The authors of the USTR report have completely misinterpreted Cavallo et al.’s findings. Instead of supporting the notion of low passthrough, their analysis indicates a nearly complete passthrough burdening American consumers. This is a striking example of cherry-picking by the USTR. Moreover, research suggests φ is closer to 0.8, not 0.25. This means that both ε and φ are underestimated, leading to systematic overestimation of the tariff calculations.

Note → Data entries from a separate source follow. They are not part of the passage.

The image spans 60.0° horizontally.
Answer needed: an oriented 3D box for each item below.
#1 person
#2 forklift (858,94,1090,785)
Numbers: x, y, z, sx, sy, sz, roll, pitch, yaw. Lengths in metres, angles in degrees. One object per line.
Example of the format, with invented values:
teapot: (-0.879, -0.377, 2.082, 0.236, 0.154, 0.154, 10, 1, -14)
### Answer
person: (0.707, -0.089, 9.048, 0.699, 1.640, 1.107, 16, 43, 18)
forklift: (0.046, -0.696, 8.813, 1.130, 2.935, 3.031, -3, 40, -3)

And yet, let’s assume their chosen values for ε and φ are correct. The real kicker lies in their statement:
“Assuming that offsetting exchange rate and general equilibrium effects are small enough to be ignored…”
This assumption is monumental. If it fails, the entire model collapses. The problem is that the very purpose of these tariffs is to create exchange rate and general equilibrium effects! The authors acknowledge this repeatedly, as do the economic advisors of the Trump Administration. Thus, the essential assumptions of the model are fundamentally flawed, rendering the entire structure untenable ab initio. In fact, within just 24 hours of unveiling the tariff scheme, the stock market experienced its worst two-day decline on record, and the dollar depreciated. I don’t believe I’ve seen a model discredited so swiftly—24 hours might just be an unprecedented record. Even the disastrous COVID lockdown models took months to unravel.
Once more, I emphasize: it is exceedingly difficult to overstate how catastrophic this model is. From start to finish, it is riddled with inconsistencies, flawed assumptions, and a complete lack of coherent reasoning. This is not the product of analytical thought; it is a disheartening display of scientism.
*Incidentally, this is why observers initially presumed the model was merely the trade balance divided by imports. With ε set at 4 and φ at 0.25, and the denominator being ε * φ * imports, the product ε * φ equals 1, reducing the whole denominator to imports alone. The fact that the USTR overlooked this is a significant concern.